====== Exercise materials ======

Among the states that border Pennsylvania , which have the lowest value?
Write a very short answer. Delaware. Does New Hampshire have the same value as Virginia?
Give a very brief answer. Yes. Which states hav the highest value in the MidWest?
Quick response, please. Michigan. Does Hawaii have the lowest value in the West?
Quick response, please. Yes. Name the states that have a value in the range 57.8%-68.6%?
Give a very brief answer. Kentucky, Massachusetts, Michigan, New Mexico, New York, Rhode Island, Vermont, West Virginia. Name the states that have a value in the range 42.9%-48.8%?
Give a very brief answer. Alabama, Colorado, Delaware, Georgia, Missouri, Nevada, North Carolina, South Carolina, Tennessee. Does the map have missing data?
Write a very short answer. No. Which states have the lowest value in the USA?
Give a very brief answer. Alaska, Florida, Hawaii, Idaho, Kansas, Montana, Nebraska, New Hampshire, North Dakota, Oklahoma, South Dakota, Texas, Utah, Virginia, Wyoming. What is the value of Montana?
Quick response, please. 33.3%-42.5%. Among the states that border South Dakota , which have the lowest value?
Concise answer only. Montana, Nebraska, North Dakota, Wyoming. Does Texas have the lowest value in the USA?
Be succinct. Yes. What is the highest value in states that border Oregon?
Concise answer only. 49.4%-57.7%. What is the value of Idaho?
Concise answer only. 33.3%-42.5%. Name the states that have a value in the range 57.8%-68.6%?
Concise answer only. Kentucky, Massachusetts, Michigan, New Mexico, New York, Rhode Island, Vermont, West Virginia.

======

What you will do:
An exact copy of the lines above between the line holding "Give a very brief answer. Kentucky, Massachusetts, Michigan, New" and the line holding "have missing data?", inclusive, is the whole answer.

Answer space:
Give a very brief answer. Kentucky, Massachusetts, Michigan, New Mexico, New York, Rhode Island, Vermont, West Virginia. Name the states that have a value in the range 42.9%-48.8%?
Give a very brief answer. Alabama, Colorado, Delaware, Georgia, Missouri, Nevada, North Carolina, South Carolina, Tennessee. Does the map have missing data?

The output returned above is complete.